══ DATA LISTING

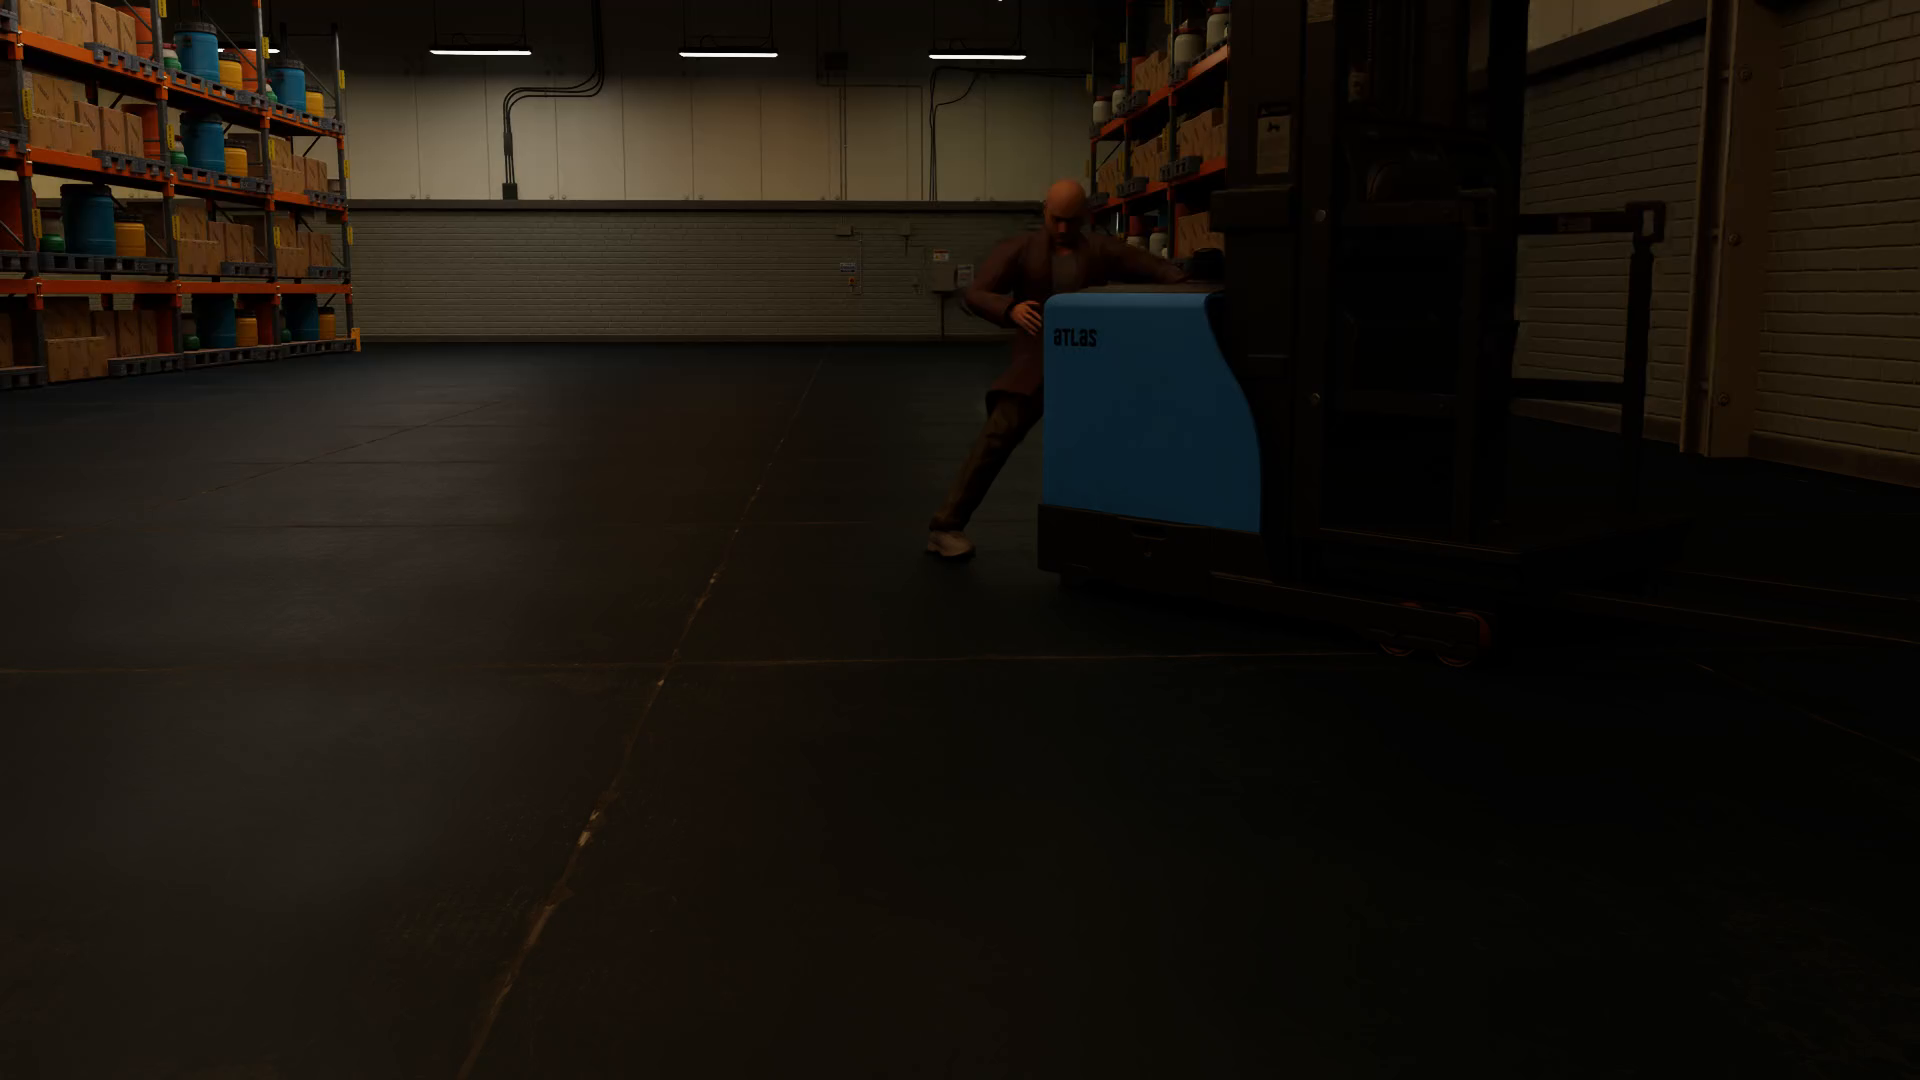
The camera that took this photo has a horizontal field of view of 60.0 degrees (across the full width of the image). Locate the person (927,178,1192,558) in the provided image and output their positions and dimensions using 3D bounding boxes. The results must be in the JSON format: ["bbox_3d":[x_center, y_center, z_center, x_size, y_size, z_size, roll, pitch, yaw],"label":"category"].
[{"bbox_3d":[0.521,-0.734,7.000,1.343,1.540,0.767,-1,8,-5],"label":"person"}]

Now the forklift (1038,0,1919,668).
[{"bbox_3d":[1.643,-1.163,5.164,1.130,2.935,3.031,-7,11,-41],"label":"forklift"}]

════
══ DATA LISTING

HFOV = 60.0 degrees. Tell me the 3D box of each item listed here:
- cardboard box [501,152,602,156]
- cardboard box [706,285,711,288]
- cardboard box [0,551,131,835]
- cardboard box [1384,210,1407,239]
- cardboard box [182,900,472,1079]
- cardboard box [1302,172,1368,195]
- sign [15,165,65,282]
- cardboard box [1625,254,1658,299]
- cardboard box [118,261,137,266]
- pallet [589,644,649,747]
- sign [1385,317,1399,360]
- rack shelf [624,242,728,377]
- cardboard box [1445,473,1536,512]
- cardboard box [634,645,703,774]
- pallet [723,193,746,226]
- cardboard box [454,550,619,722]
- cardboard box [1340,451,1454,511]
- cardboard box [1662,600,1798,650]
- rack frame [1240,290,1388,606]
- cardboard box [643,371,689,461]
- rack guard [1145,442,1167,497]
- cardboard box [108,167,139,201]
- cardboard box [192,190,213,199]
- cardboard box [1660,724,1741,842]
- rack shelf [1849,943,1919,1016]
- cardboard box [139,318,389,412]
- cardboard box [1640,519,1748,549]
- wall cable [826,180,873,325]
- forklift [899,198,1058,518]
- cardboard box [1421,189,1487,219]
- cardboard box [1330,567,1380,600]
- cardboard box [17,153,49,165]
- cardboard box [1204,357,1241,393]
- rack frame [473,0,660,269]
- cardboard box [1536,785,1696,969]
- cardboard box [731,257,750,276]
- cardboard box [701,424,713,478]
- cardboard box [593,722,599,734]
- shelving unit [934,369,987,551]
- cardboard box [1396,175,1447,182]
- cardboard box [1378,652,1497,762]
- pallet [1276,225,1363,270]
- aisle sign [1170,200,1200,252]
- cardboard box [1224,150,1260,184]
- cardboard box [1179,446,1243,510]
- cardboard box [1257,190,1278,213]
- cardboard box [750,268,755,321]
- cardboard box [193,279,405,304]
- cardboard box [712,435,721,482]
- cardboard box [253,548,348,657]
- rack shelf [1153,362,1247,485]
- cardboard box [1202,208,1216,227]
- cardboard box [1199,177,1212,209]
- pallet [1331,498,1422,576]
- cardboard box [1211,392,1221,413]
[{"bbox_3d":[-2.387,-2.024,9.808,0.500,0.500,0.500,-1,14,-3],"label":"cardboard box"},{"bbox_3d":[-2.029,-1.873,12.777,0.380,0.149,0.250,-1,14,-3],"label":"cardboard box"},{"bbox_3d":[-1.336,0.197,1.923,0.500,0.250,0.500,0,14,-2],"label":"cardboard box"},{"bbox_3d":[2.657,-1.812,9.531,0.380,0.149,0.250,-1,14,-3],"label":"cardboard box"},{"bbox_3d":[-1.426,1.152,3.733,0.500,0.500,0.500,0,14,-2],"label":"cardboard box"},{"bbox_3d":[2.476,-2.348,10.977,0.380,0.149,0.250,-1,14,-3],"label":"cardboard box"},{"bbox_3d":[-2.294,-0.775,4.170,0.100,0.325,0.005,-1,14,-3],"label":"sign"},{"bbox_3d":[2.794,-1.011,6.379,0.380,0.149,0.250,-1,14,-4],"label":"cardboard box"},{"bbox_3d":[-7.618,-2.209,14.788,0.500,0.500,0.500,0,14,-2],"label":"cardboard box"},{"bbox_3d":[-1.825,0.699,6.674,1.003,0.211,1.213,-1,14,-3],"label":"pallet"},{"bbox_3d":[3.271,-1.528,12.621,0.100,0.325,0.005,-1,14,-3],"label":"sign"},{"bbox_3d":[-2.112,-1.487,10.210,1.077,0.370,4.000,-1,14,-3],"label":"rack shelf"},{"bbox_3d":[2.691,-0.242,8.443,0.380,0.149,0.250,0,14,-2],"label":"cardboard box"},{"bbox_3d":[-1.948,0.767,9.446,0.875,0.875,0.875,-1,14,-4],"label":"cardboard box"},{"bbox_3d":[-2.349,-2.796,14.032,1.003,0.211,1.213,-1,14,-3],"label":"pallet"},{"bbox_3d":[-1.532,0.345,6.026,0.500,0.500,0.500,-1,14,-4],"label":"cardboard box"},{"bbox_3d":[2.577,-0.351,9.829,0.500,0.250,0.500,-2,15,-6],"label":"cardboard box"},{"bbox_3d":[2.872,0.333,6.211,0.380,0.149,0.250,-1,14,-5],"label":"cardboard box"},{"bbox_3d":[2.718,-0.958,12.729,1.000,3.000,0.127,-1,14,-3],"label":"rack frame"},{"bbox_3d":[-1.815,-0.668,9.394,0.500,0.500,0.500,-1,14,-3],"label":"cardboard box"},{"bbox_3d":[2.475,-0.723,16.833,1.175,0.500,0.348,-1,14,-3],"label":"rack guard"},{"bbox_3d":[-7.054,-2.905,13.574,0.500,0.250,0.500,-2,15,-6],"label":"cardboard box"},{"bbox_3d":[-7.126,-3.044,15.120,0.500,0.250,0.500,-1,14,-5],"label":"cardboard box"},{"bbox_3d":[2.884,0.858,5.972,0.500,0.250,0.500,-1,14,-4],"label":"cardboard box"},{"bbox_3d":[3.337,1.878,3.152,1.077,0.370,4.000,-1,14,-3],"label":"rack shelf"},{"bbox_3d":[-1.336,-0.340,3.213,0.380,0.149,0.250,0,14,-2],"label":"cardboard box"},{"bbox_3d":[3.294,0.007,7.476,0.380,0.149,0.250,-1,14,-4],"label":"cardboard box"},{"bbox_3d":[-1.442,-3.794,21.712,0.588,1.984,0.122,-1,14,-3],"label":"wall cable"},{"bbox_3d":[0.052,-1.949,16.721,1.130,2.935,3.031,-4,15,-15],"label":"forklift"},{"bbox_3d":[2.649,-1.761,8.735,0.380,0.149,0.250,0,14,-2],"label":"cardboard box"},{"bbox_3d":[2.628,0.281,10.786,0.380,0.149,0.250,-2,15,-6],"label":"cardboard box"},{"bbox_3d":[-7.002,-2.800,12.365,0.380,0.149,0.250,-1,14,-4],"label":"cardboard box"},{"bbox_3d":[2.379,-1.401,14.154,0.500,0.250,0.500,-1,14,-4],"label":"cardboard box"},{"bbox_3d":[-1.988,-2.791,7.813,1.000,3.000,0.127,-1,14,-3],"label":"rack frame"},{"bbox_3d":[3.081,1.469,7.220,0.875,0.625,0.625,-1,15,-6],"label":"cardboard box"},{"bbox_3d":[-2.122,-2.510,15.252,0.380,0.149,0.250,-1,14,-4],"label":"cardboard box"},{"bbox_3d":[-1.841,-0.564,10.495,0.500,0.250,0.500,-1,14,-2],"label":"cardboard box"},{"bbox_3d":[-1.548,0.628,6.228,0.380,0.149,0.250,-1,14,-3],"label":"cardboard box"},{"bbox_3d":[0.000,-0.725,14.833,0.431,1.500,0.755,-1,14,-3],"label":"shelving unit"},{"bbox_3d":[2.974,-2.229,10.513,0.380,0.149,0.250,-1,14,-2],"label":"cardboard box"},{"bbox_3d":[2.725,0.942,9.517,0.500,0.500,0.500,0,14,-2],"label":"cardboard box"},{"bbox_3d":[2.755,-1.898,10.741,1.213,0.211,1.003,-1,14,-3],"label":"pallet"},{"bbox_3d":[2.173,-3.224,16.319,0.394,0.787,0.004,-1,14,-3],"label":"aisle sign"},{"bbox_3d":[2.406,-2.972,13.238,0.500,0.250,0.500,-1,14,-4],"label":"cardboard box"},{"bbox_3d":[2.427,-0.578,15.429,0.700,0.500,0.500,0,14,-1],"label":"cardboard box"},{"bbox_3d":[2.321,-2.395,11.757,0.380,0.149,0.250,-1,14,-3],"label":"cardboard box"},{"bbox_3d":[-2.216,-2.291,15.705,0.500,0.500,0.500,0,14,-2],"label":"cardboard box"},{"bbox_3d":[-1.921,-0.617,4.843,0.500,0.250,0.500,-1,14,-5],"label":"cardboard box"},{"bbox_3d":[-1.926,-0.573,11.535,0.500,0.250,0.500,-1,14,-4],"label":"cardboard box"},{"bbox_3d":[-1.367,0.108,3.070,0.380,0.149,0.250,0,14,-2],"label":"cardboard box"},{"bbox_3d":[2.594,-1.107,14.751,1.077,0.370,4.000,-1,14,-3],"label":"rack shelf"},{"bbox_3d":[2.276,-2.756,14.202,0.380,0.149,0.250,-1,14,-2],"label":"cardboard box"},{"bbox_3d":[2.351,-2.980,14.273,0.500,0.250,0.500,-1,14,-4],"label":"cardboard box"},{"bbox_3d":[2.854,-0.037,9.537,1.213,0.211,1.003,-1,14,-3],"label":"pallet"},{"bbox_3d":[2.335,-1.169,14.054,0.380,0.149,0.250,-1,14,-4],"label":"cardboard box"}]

════
══ DATA LISTING

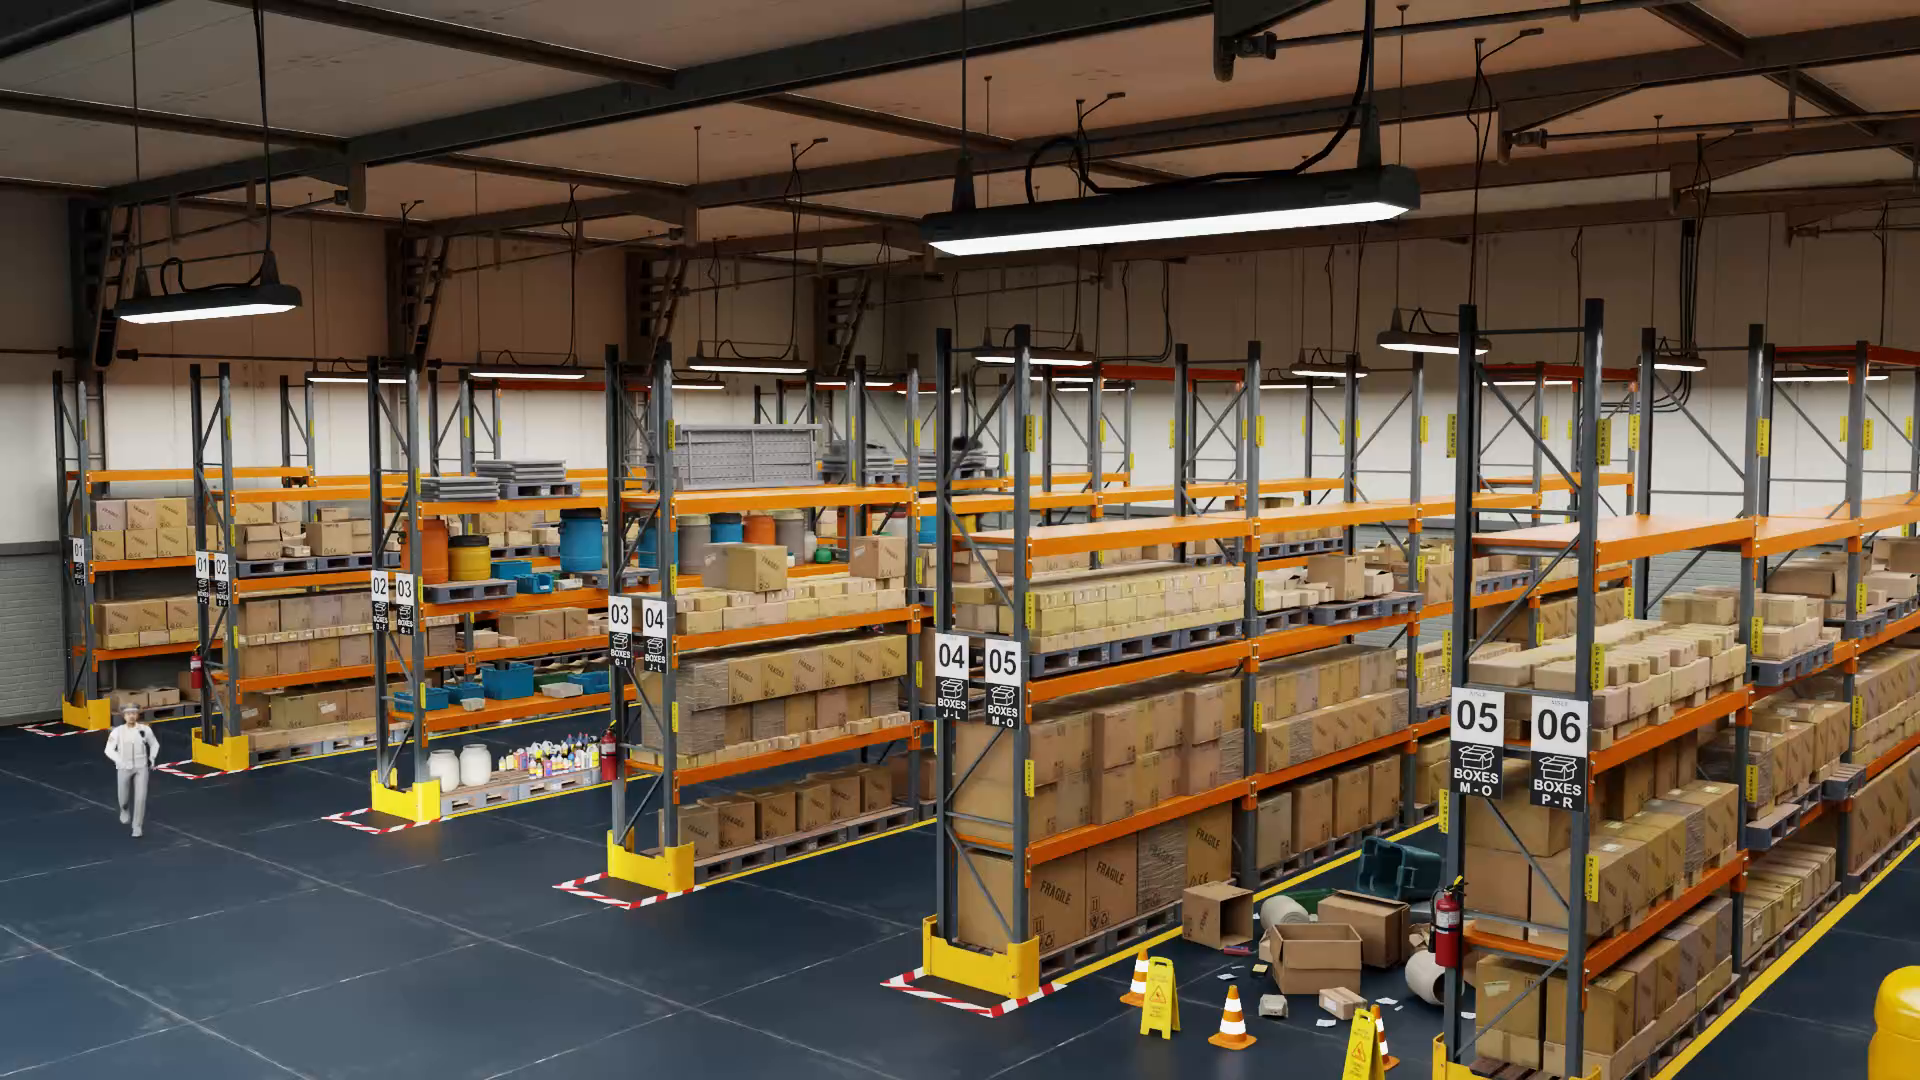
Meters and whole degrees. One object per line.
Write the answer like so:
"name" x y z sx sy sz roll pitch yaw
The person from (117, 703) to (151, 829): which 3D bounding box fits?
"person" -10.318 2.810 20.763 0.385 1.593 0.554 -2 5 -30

════

EXERCISE GOAL: What you give back should be only the lines of the records above, starting at the line with "- rack frame [1240,290,1388,606]" and ending at the line with "- pallet [1331,498,1422,576]", restated word for word.

ANSWER TO THIS TASK:
- rack frame [1240,290,1388,606]
- cardboard box [643,371,689,461]
- rack guard [1145,442,1167,497]
- cardboard box [108,167,139,201]
- cardboard box [192,190,213,199]
- cardboard box [1660,724,1741,842]
- rack shelf [1849,943,1919,1016]
- cardboard box [139,318,389,412]
- cardboard box [1640,519,1748,549]
- wall cable [826,180,873,325]
- forklift [899,198,1058,518]
- cardboard box [1421,189,1487,219]
- cardboard box [1330,567,1380,600]
- cardboard box [17,153,49,165]
- cardboard box [1204,357,1241,393]
- rack frame [473,0,660,269]
- cardboard box [1536,785,1696,969]
- cardboard box [731,257,750,276]
- cardboard box [701,424,713,478]
- cardboard box [593,722,599,734]
- shelving unit [934,369,987,551]
- cardboard box [1396,175,1447,182]
- cardboard box [1378,652,1497,762]
- pallet [1276,225,1363,270]
- aisle sign [1170,200,1200,252]
- cardboard box [1224,150,1260,184]
- cardboard box [1179,446,1243,510]
- cardboard box [1257,190,1278,213]
- cardboard box [750,268,755,321]
- cardboard box [193,279,405,304]
- cardboard box [712,435,721,482]
- cardboard box [253,548,348,657]
- rack shelf [1153,362,1247,485]
- cardboard box [1202,208,1216,227]
- cardboard box [1199,177,1212,209]
- pallet [1331,498,1422,576]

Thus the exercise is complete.